Legalmente, o motivo não é um requisito para uma acusação
criminal. Ainda assim, entender o que motiva um
assassino em massa pode ajudar a prevenir futuros ataques e pode satisfazer a
curiosidade natural do ser humano.
A falta de resposta, quer de Kohberger quer dos
investigadores, ensombrou a confissão de culpa e a sentença, deixando toda a
gente às escuras, exceto o próprio homicida. Perante este motivo pouco claro,
as pessoas próximas do caso reagiram exprimindo raiva contra Kohberger,
tentando negociar com ele, ou enfrentando a probabilidade de nunca saberem
porquê.
“Mesmo que conseguíssemos obter informações verdadeiras
sobre o motivo, suspeito que isso não iria, de forma alguma, saciar a sede de
compreender o motivo em primeira instância”, afirmou o juiz Steven Hippler em
tribunal. "Porque não há nenhuma razão para
estes crimes que se possa aproximar de algo semelhante à racionalidade.
Nenhuma razão concebível poderia fazer qualquer sentido".
As vítimas e as famílias perguntam a Kohberger: Porquê?
Kohberger foi detido pela primeira vez em dezembro de 2022
em ligação com os assassínios, tendo sido apresentada uma declaração de
inocência em seu nome. Após mais de dois anos de
audiências e decisões antes do julgamento, concordou em declarar-se culpado das
acusações de roubo e homicídio em primeiro grau em troca de uma pena de prisão
perpétua, evitando assim a pena de morte.
No entanto, o acordo de confissão não exigia que Kohberger
revelasse quaisquer pormenores sobre os homicídios ou explicasse as suas ações
- uma decisão que dividiu as famílias das vítimas.

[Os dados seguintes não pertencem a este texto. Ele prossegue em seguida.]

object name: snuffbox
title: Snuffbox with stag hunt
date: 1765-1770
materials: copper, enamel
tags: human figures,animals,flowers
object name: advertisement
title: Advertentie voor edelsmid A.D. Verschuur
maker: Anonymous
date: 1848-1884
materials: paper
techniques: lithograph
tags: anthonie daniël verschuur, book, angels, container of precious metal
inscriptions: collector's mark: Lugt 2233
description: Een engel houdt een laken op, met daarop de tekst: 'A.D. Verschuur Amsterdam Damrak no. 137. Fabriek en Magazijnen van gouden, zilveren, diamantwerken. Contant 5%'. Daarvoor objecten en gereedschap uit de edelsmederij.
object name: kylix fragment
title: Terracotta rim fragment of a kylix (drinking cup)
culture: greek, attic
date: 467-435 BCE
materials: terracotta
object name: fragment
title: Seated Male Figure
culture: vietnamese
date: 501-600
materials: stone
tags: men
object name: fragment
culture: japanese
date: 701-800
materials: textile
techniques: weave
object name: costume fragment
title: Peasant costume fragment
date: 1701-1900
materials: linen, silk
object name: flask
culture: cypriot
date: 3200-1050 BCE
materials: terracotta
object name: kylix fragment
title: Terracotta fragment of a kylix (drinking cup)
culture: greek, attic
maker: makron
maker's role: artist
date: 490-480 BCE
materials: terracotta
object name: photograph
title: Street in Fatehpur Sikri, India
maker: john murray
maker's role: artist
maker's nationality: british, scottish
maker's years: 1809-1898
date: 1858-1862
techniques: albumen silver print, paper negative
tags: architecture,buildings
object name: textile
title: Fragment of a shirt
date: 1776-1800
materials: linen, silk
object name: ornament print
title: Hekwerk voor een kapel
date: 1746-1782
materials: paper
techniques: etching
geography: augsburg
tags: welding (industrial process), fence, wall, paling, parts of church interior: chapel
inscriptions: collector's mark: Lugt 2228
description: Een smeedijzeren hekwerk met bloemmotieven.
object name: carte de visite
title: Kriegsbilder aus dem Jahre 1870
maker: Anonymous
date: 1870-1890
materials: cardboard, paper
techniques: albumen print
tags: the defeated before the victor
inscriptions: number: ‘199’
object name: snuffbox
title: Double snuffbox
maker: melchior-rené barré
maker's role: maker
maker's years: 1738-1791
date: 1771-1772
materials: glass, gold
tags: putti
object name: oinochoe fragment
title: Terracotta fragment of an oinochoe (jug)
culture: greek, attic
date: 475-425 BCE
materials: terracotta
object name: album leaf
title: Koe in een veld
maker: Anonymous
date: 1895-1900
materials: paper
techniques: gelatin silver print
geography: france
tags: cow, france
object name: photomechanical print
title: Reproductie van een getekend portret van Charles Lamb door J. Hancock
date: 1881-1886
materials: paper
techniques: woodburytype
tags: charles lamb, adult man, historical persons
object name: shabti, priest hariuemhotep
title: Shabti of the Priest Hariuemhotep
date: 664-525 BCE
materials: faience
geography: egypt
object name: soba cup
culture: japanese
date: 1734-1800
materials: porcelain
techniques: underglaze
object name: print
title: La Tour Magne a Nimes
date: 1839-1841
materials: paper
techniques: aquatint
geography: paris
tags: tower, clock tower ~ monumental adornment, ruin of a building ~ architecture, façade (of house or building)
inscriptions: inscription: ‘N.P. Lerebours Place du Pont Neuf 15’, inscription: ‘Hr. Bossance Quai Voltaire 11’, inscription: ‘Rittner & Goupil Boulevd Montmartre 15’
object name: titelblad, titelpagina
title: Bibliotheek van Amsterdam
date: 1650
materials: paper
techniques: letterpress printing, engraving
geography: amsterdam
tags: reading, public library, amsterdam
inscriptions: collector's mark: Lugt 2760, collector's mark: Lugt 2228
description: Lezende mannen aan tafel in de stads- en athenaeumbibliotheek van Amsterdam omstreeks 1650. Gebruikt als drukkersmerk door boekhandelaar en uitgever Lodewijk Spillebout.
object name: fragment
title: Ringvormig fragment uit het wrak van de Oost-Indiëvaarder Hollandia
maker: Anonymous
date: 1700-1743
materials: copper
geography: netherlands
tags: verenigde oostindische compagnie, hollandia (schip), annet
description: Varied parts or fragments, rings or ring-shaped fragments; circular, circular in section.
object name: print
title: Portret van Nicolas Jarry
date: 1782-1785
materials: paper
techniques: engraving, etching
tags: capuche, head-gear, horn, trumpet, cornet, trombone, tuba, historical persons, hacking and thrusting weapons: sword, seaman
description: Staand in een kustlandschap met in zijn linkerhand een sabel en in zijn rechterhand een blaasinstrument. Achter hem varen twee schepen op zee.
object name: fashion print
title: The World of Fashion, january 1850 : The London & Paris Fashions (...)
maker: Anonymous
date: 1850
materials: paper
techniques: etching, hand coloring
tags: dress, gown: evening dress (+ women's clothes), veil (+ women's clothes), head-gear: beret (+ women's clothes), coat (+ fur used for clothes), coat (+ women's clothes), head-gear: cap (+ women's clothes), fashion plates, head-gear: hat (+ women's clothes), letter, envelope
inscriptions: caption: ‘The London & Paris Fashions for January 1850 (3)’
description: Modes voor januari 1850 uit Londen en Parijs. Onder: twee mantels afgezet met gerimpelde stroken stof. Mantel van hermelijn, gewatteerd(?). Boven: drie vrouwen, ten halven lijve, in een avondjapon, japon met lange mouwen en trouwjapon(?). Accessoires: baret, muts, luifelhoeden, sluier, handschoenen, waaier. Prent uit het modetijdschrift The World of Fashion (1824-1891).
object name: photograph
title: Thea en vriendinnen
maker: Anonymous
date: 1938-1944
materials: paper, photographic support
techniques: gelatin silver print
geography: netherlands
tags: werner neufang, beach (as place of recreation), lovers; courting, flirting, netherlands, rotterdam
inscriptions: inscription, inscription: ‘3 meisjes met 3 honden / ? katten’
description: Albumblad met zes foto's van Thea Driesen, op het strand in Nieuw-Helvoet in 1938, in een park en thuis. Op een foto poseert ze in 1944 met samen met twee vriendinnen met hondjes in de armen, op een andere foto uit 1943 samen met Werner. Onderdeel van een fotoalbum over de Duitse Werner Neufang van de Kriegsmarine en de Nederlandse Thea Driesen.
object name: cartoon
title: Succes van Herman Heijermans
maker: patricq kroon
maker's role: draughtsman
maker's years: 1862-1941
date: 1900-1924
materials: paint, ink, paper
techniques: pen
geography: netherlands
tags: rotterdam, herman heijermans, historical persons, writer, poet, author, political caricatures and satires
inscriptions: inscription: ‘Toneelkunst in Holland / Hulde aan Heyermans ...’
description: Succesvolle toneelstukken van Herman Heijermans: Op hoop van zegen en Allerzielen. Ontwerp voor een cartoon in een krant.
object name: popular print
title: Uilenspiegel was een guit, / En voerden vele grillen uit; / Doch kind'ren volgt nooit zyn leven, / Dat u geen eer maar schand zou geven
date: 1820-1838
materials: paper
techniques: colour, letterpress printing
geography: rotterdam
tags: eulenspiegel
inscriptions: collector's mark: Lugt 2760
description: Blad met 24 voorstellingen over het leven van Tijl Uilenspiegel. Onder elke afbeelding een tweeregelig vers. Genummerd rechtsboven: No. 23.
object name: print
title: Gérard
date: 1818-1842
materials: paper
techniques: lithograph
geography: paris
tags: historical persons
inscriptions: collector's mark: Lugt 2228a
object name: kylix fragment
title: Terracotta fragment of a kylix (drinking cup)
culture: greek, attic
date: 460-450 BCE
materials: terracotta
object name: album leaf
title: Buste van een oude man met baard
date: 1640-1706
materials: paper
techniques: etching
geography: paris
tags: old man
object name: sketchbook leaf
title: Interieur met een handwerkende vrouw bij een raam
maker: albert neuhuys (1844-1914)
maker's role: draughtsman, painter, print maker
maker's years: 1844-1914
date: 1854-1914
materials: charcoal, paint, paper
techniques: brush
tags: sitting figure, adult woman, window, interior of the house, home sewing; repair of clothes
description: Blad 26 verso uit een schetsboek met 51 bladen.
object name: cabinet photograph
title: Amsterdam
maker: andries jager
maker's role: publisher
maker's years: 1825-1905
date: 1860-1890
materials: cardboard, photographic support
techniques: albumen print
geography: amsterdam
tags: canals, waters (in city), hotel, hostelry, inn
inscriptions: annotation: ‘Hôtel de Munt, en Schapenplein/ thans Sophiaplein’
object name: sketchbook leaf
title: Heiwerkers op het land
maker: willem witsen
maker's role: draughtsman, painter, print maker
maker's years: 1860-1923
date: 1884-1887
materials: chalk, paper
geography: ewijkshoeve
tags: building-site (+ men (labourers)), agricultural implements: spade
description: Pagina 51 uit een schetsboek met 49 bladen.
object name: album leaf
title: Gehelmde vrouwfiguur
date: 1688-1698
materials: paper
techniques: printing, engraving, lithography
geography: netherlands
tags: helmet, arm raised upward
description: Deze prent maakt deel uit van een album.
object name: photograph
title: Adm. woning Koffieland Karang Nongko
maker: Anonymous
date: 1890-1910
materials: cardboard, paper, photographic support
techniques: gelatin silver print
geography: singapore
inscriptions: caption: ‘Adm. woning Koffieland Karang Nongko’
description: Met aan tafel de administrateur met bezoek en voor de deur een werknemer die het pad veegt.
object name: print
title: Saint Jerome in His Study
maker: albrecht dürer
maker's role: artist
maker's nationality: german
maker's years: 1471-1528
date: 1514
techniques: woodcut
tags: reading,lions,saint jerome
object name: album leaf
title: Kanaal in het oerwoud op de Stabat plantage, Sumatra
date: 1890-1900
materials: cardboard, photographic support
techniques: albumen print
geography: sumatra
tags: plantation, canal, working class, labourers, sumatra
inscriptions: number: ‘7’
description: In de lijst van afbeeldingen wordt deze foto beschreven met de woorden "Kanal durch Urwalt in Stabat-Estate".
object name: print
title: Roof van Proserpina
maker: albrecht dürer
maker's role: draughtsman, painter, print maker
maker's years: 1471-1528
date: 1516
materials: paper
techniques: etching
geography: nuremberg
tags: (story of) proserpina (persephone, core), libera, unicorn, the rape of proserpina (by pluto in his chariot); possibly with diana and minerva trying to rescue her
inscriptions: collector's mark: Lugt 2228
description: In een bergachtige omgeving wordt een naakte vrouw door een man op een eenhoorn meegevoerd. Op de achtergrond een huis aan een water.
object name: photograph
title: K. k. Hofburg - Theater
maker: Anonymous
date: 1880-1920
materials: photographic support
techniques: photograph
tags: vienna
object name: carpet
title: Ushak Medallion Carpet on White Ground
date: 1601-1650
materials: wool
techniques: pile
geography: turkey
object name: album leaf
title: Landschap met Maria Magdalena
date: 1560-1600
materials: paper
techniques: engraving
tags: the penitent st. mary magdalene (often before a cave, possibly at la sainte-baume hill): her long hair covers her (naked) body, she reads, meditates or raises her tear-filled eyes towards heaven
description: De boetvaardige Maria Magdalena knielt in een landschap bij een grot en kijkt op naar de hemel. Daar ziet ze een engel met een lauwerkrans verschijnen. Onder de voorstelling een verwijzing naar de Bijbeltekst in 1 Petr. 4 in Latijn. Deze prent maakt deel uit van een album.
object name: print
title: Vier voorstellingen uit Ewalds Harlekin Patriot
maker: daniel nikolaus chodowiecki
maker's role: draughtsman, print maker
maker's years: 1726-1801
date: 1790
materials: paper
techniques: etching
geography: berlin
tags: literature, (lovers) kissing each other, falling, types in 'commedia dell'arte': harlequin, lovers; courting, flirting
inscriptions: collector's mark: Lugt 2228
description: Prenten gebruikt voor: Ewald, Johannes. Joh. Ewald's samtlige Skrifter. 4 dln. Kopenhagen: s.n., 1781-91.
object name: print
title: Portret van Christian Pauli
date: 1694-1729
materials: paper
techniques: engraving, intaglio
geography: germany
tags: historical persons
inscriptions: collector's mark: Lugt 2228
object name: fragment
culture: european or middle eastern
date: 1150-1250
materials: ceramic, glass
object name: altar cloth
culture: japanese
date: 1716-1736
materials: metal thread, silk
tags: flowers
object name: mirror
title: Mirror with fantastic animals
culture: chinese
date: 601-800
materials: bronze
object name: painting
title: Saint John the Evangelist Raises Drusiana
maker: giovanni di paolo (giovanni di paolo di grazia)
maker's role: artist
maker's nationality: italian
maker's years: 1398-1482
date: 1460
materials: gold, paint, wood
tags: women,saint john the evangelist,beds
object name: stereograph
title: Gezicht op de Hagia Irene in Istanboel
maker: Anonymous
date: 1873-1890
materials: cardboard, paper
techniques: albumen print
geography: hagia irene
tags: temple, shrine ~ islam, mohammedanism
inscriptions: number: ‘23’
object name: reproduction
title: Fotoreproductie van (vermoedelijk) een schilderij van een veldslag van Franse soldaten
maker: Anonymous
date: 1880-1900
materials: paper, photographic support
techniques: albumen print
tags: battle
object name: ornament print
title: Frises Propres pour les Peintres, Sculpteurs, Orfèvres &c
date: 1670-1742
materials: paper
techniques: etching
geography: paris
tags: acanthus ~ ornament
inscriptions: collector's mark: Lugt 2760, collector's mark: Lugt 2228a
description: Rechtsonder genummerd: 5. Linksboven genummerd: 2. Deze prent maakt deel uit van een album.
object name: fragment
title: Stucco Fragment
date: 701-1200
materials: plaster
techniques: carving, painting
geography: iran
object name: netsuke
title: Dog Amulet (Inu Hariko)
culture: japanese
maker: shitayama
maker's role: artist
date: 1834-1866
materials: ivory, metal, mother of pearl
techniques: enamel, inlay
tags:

Na audiência da sentença, as vítimas e as famílias
expressaram repetidamente a sua frustração por não obterem respostas às suas
perguntas.
A irmã de Kaylee Goncalves, Alivea, criticou os motivos de
Kohberger como “superficiais” e enumerou cerca de duas dúzias de perguntas “que
ecoam violentamente na minha cabeça, tão alto que não consigo pensar direito,
quase todos os dias”.
"Como era a tua vida
antes de matares as minhas irmãs? Preparaste-te para o crime antes de saíres do
teu apartamento? Por favor, conte-me em pormenor o que estava a pensar e a
sentir nessa altura", afirmou.
“Porque escolheu as minhas irmãs?”, perguntou, referindo-se a Kaylee e à sua melhor amiga, Madison Mogen.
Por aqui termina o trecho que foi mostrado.